You'll hear a variety of pop hits during TV network upfront presentations, but the only song that really should be part of the soundtrack this week is Everything is Awesome from The Lego Movie. It's the perfect mantra for upfronts, where all the network executives who take the stage will be full of optimism that their new crop of shows will finally be the ones that take them to the top.
But of course, everything is not awesome—even for NBC, the No. 1 network for adults ages 18 to 49. And reality often sets in shortly after the upfronts conclude.
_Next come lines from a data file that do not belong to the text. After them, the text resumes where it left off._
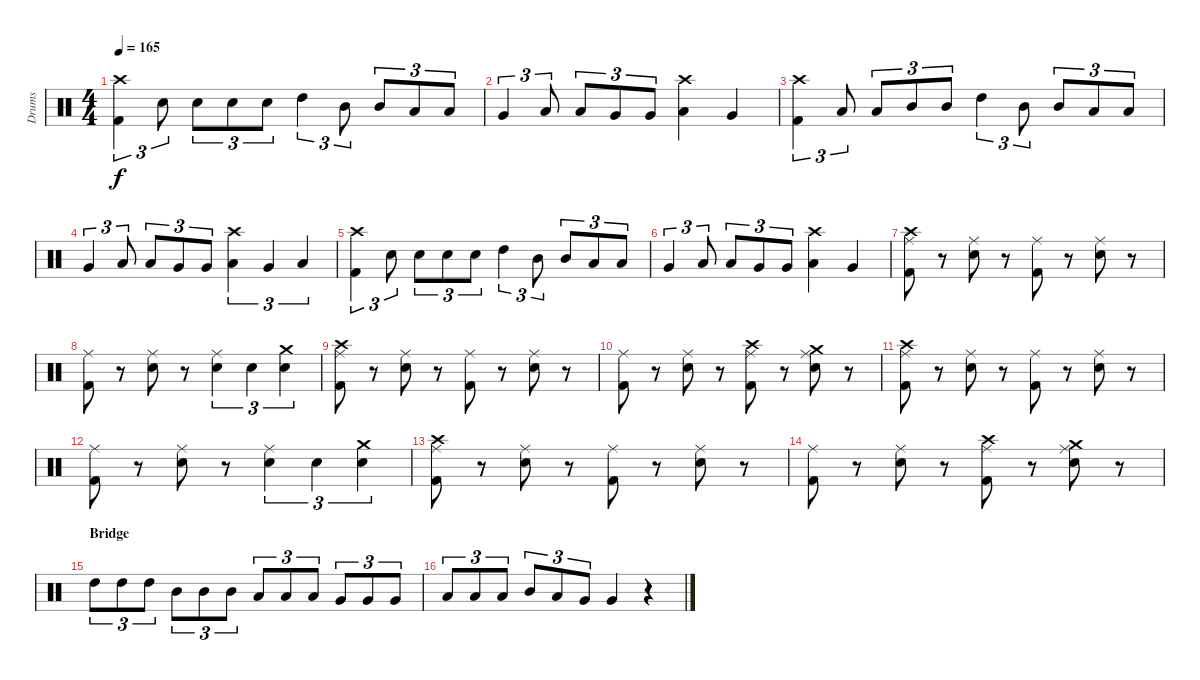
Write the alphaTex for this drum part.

\track ("Drums" "Drums") {instrument percussion}
\staff {score}
\articulation defaults
\ts (4 4)
\tempo 165
\clef neutral
\ks c
("Kick (hit) 2" "Crash high (hit)").4{tu (3 2) dy f} "Snare (hit) 2".8{tu (3 2)} "Snare (hit) 2".8{tu (3 2)} "Snare (hit) 2".8{tu (3 2)} "Snare (hit) 2".8{tu (3 2)} "High Tom (hit)".4{tu (3 2)} "Mid Tom (hit)".8{tu (3 2)} "Mid Tom (hit)".8{tu (3 2)} "Low Tom (hit)".8{tu (3 2)} "Low Tom (hit)".8{tu (3 2)} |
"Very Low Tom (hit)".4{tu (3 2)} "Low Tom (hit)".8{tu (3 2)} "Low Tom (hit)".8{tu (3 2)} "Very Low Tom (hit)".8{tu (3 2)} "Very Low Tom (hit)".8{tu (3 2)} ("Low Floor Tom (hit)" "Crash high (hit)").4 "Very Low Tom (hit)".4 |
("Kick (hit) 2" "Crash high (hit)").4{tu (3 2)} "Low Tom (hit)".8{tu (3 2)} "Low Tom (hit)".8{tu (3 2)} "Mid Tom (hit)".8{tu (3 2)} "Mid Tom (hit)".8{tu (3 2)} "High Tom (hit)".4{tu (3 2)} "Mid Tom (hit)".8{tu (3 2)} "Mid Tom (hit)".8{tu (3 2)} "Low Tom (hit)".8{tu (3 2)} "Low Tom (hit)".8{tu (3 2)} |
"Very Low Tom (hit)".4{tu (3 2)} "Low Tom (hit)".8{tu (3 2)} "Low Tom (hit)".8{tu (3 2)} "Very Low Tom (hit)".8{tu (3 2)} "Very Low Tom (hit)".8{tu (3 2)} ("Low Floor Tom (hit)" "Crash high (hit)").4{tu (3 2)} "Very Low Tom (hit)".4{tu (3 2)} "Low Tom (hit)".4{tu (3 2)} |
("Kick (hit) 2" "Crash high (hit)").4{tu (3 2)} "Snare (hit) 2".8{tu (3 2)} "Snare (hit) 2".8{tu (3 2)} "Snare (hit) 2".8{tu (3 2)} "Snare (hit) 2".8{tu (3 2)} "High Tom (hit)".4{tu (3 2)} "Mid Tom (hit)".8{tu (3 2)} "Mid Tom (hit)".8{tu (3 2)} "Low Tom (hit)".8{tu (3 2)} "Low Tom (hit)".8{tu (3 2)} |
"Very Low Tom (hit)".4{tu (3 2)} "Low Tom (hit)".8{tu (3 2)} "Low Tom (hit)".8{tu (3 2)} "Very Low Tom (hit)".8{tu (3 2)} "Very Low Tom (hit)".8{tu (3 2)} ("Low Floor Tom (hit)" "Crash high (hit)").4 "Very Low Tom (hit)".4 |
("Ride (middle)" "Kick (hit) 2" "Crash high (hit)").8 r.8 ("Ride (middle)" "Snare (hit) 2").8 r.8 ("Ride (middle)" "Kick (hit) 2").8 r.8 ("Ride (middle)" "Snare (hit) 2").8 r.8 |
("Ride (middle)" "Kick (hit) 2").8 r.8 ("Ride (middle)" "Snare (hit) 2").8 r.8 ("Ride (middle)" "Snare (hit) 2").4{tu (3 2)} "Snare (hit) 2".4{tu (3 2)} ("Snare (hit) 2" "Crash medium (hit)").4{tu (3 2)} |
("Ride (middle)" "Kick (hit) 2" "Crash high (hit)").8 r.8 ("Ride (middle)" "Snare (hit) 2").8 r.8 ("Ride (middle)" "Kick (hit) 2").8 r.8 ("Ride (middle)" "Snare (hit) 2").8 r.8 |
("Ride (middle)" "Kick (hit) 2").8 r.8 ("Ride (middle)" "Snare (hit) 2").8 r.8 ("Ride (middle)" "Kick (hit) 2" "Crash high (hit)").8 r.8 ("Ride (middle)" "Snare (hit) 2" "Crash medium (hit)").8 r.8 |
("Ride (middle)" "Kick (hit) 2" "Crash high (hit)").8 r.8 ("Ride (middle)" "Snare (hit) 2").8 r.8 ("Ride (middle)" "Kick (hit) 2").8 r.8 ("Ride (middle)" "Snare (hit) 2").8 r.8 |
("Ride (middle)" "Kick (hit) 2").8 r.8 ("Ride (middle)" "Snare (hit) 2").8 r.8 ("Ride (middle)" "Snare (hit) 2").4{tu (3 2)} "Snare (hit) 2".4{tu (3 2)} ("Snare (hit) 2" "Crash medium (hit)").4{tu (3 2)} |
("Ride (middle)" "Kick (hit) 2" "Crash high (hit)").8 r.8 ("Ride (middle)" "Snare (hit) 2").8 r.8 ("Ride (middle)" "Kick (hit) 2").8 r.8 ("Ride (middle)" "Snare (hit) 2").8 r.8 |
("Ride (middle)" "Kick (hit) 2").8 r.8 ("Ride (middle)" "Snare (hit) 2").8 r.8 ("Ride (middle)" "Kick (hit) 2" "Crash high (hit)").8 r.8 ("Ride (middle)" "Snare (hit) 2" "Crash medium (hit)").8 r.8 |
\section ("" "Bridge")
"High Tom (hit)".8{tu (3 2)} "High Tom (hit)".8{tu (3 2)} "High Tom (hit)".8{tu (3 2)} "Mid Tom (hit)".8{tu (3 2)} "Mid Tom (hit)".8{tu (3 2)} "Mid Tom (hit)".8{tu (3 2)} "Low Tom (hit)".8{tu (3 2)} "Low Tom (hit)".8{tu (3 2)} "Low Tom (hit)".8{tu (3 2)} "Very Low Tom (hit)".8{tu (3 2)} "Very Low Tom (hit)".8{tu (3 2)} "Very Low Tom (hit)".8{tu (3 2)} |
"Low Floor Tom (hit)".8{tu (3 2)} "Low Floor Tom (hit)".8{tu (3 2)} "Low Floor Tom (hit)".8{tu (3 2)} "Mid Tom (hit)".8{tu (3 2)} "Low Tom (hit)".8{tu (3 2)} "Very Low Tom (hit)".8{tu (3 2)} "Very Low Tom (hit)".4 r.4
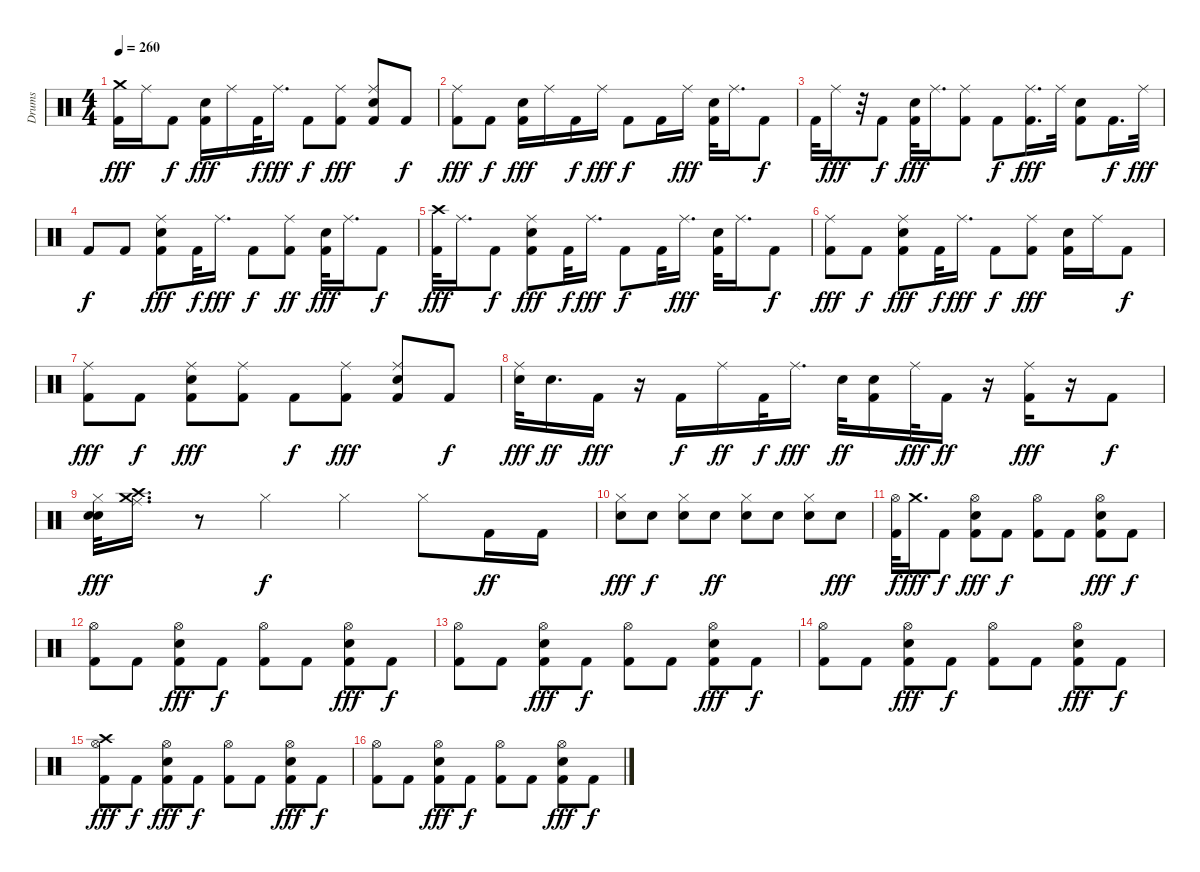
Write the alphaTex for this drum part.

\track ("Drums" "Drums") {instrument percussion}
\staff {score}
\articulation defaults
\ts (4 4)
\tempo 260
\clef neutral
\ks c
("Crash medium (hit)" "Kick (hit) 2").16{dy fff} "Ride (middle)".16 "Kick (hit) 2".8{dy f} ("Snare (hit) 2" "Kick (hit) 2").16{dy fff} "Ride (middle)".16 "Kick (hit) 2".32{dy f} "Ride (middle)".16{d dy fff} "Kick (hit) 2".8{dy f} ("Kick (hit) 2" "Ride (middle)").8{dy fff} ("Snare (hit) 2" "Kick (hit) 2" "Ride (middle)").8 "Kick (hit) 2".8{dy f} |
("Kick (hit) 2" "Ride (middle)").8{dy fff} "Kick (hit) 2".8{dy f} ("Snare (hit) 2" "Kick (hit) 2").16{dy fff} "Ride (middle)".16 "Kick (hit) 2".16{dy f} "Ride (middle)".16{dy fff} "Kick (hit) 2".8{dy f} "Kick (hit) 2".16 "Ride (middle)".16{dy fff} ("Snare (hit) 2" "Kick (hit) 2").32 "Ride (middle)".16{d} "Kick (hit) 2".8{dy f} |
"Kick (hit) 2".32 "Ride (middle)".16{dy fff} r.32 "Kick (hit) 2".8{dy f} ("Snare (hit) 2" "Kick (hit) 2").32{dy fff} "Ride (middle)".16{d} ("Kick (hit) 2" "Ride (middle)").8 "Kick (hit) 2".8{dy f} ("Ride (middle)" "Kick (hit) 2").16{d dy fff} "Ride (middle)".32 ("Snare (hit) 2" "Kick (hit) 2").8 "Kick (hit) 2".16{d dy f} "Ride (middle)".32{dy fff} |
"Kick (hit) 2".8{dy f} "Kick (hit) 2".8 ("Snare (hit) 2" "Kick (hit) 2" "Ride (middle)").8{dy fff} "Kick (hit) 2".32{dy f} "Ride (middle)".16{d dy fff} "Kick (hit) 2".8{dy f} ("Kick (hit) 2" "Ride (middle)").8{dy ff} ("Snare (hit) 2" "Kick (hit) 2").32{dy fff} "Ride (middle)".16{d} "Kick (hit) 2".8{dy f} |
("Crash high (hit)" "Kick (hit) 2").32{dy fff} "Ride (middle)".16{d} "Kick (hit) 2".8{dy f} ("Snare (hit) 2" "Kick (hit) 2" "Ride (middle)").8{dy fff} "Kick (hit) 2".32{dy f} "Ride (middle)".16{d dy fff} "Kick (hit) 2".8{dy f} "Kick (hit) 2".32 "Ride (middle)".16{d dy fff} ("Snare (hit) 2" "Kick (hit) 2").32 "Ride (middle)".16{d} "Kick (hit) 2".8{dy f} |
("Ride (middle)" "Kick (hit) 2").8{dy fff} "Kick (hit) 2".8{dy f} ("Snare (hit) 2" "Kick (hit) 2" "Ride (middle)").8{dy fff} "Kick (hit) 2".32{dy f} "Ride (middle)".16{d dy fff} "Kick (hit) 2".8{dy f} ("Ride (middle)" "Kick (hit) 2").8{dy fff} ("Snare (hit) 2" "Kick (hit) 2").16 "Ride (middle)".16 "Kick (hit) 2".8{dy f} |
("Kick (hit) 2" "Ride (middle)").8{dy fff} "Kick (hit) 2".8{dy f} ("Snare (hit) 2" "Kick (hit) 2" "Ride (middle)").8{dy fff} ("Kick (hit) 2" "Ride (middle)").8 "Kick (hit) 2".8{dy f} ("Kick (hit) 2" "Ride (middle)").8{dy fff} ("Ride (middle)" "Snare (hit) 2" "Kick (hit) 2").8 "Kick (hit) 2".8{dy f} |
("Electric Snare (hit)" "Ride (middle)").32{dy fff} "Snare (hit) 2".16{d dy ff} "Kick (hit) 2".16{dy fff} r.16 "Kick (hit) 2".16{dy f} "Ride (middle)".16{dy ff} "Kick (hit) 2".32{dy f} "Ride (middle)".16{d dy fff} "Electric Snare (hit)".32{dy ff} ("Snare (hit) 2" "Kick (hit) 2").16 "Ride (middle)".32{dy fff} "Kick (hit) 2".16{dy ff} r.16 ("Kick (hit) 2" "Ride (middle)").16{dy fff} r.16 "Kick (hit) 2".8{dy f} |
("Electric Snare (hit)" "Snare (hit) 2" "Hi-Hat (closed)").32{dy fff} ("Ride (middle)" "Crash high (hit)" "Crash medium (hit)").16{d} r.8 "Hi-Hat (closed)".4{dy f} "Hi-Hat (closed)".4 "Hi-Hat (closed)".8 "Kick (hit) 2".16{dy ff} "Kick (hit) 2".16 |
("Hi-Hat (closed)" "Snare (hit) 2").8{dy fff} "Snare (hit) 2".8{dy f} ("Hi-Hat (closed)" "Snare (hit) 2").8 "Snare (hit) 2".8{dy ff} ("Hi-Hat (closed)" "Snare (hit) 2").8 "Snare (hit) 2".8 ("Hi-Hat (closed)" "Snare (hit) 2").8 "Snare (hit) 2".8{dy fff} |
("Hi-Hat (open)" "Kick (hit) 2").32{dy f} "Crash medium (hit)".16{d dy fff} "Kick (hit) 2".8{dy f} ("Hi-Hat (open)" "Snare (hit) 2" "Kick (hit) 2").8{dy fff} "Kick (hit) 2".8{dy f} ("Hi-Hat (open)" "Kick (hit) 2").8 "Kick (hit) 2".8 ("Hi-Hat (open)" "Snare (hit) 2" "Kick (hit) 2").8{dy fff} "Kick (hit) 2".8{dy f} |
("Hi-Hat (open)" "Kick (hit) 2").8 "Kick (hit) 2".8 ("Hi-Hat (open)" "Snare (hit) 2" "Kick (hit) 2").8{dy fff} "Kick (hit) 2".8{dy f} ("Hi-Hat (open)" "Kick (hit) 2").8 "Kick (hit) 2".8 ("Hi-Hat (open)" "Snare (hit) 2" "Kick (hit) 2").8{dy fff} "Kick (hit) 2".8{dy f} |
("Hi-Hat (open)" "Kick (hit) 2").8 "Kick (hit) 2".8 ("Hi-Hat (open)" "Snare (hit) 2" "Kick (hit) 2").8{dy fff} "Kick (hit) 2".8{dy f} ("Hi-Hat (open)" "Kick (hit) 2").8 "Kick (hit) 2".8 ("Hi-Hat (open)" "Snare (hit) 2" "Kick (hit) 2").8{dy fff} "Kick (hit) 2".8{dy f} |
("Hi-Hat (open)" "Kick (hit) 2").8 "Kick (hit) 2".8 ("Hi-Hat (open)" "Snare (hit) 2" "Kick (hit) 2").8{dy fff} "Kick (hit) 2".8{dy f} ("Hi-Hat (open)" "Kick (hit) 2").8 "Kick (hit) 2".8 ("Hi-Hat (open)" "Snare (hit) 2" "Kick (hit) 2").8{dy fff} "Kick (hit) 2".8{dy f} |
("Hi-Hat (open)" "Kick (hit) 2" "Crash high (hit)").8{dy fff} "Kick (hit) 2".8{dy f} ("Hi-Hat (open)" "Snare (hit) 2" "Kick (hit) 2").8{dy fff} "Kick (hit) 2".8{dy f} ("Hi-Hat (open)" "Kick (hit) 2").8 "Kick (hit) 2".8 ("Hi-Hat (open)" "Snare (hit) 2" "Kick (hit) 2").8{dy fff} "Kick (hit) 2".8{dy f} |
("Hi-Hat (open)" "Kick (hit) 2").8 "Kick (hit) 2".8 ("Hi-Hat (open)" "Snare (hit) 2" "Kick (hit) 2").8{dy fff} "Kick (hit) 2".8{dy f} ("Hi-Hat (open)" "Kick (hit) 2").8 "Kick (hit) 2".8 ("Hi-Hat (open)" "Snare (hit) 2" "Kick (hit) 2").8{dy fff} "Kick (hit) 2".8{dy f}

Last year, it took just 17 days—Fox Entertainment chairman Kevin Reilly stepped down a little more than two weeks after trumpeting Fox's new lineup to advertisers on May 12. With that in mind, and before you hear this year's batch of (at least partially) empty upfronts promises, here's a look back at the five worst predictions from last year's presentations:
1) Mulaney is the next Seinfeld, and Red Band Society is the next Glee.—Kevin Reilly, Fox
Dead network president walking Reilly set the bar sky high for John Mulaney's sitcom Mulaney, which Reilly declared would be "Seinfeld for a new generation." Perhaps he meant that it too would have anemic first-season ratings: Mulaney's last episodes averaged a barely-there 0.4 rating among adults 18 to 49. Similarly, Reilly compared Fox's teen ensemble hospital drama Red Band Society—"an inspiring show that feels commercial"—to Glee, and predicted that its fresh-faced cast "will end up on magazine covers and generate social media buzz." Wrong again. Red Band and its coverless stars played out the string on Saturday nights, which is broadcast's version of purgatory.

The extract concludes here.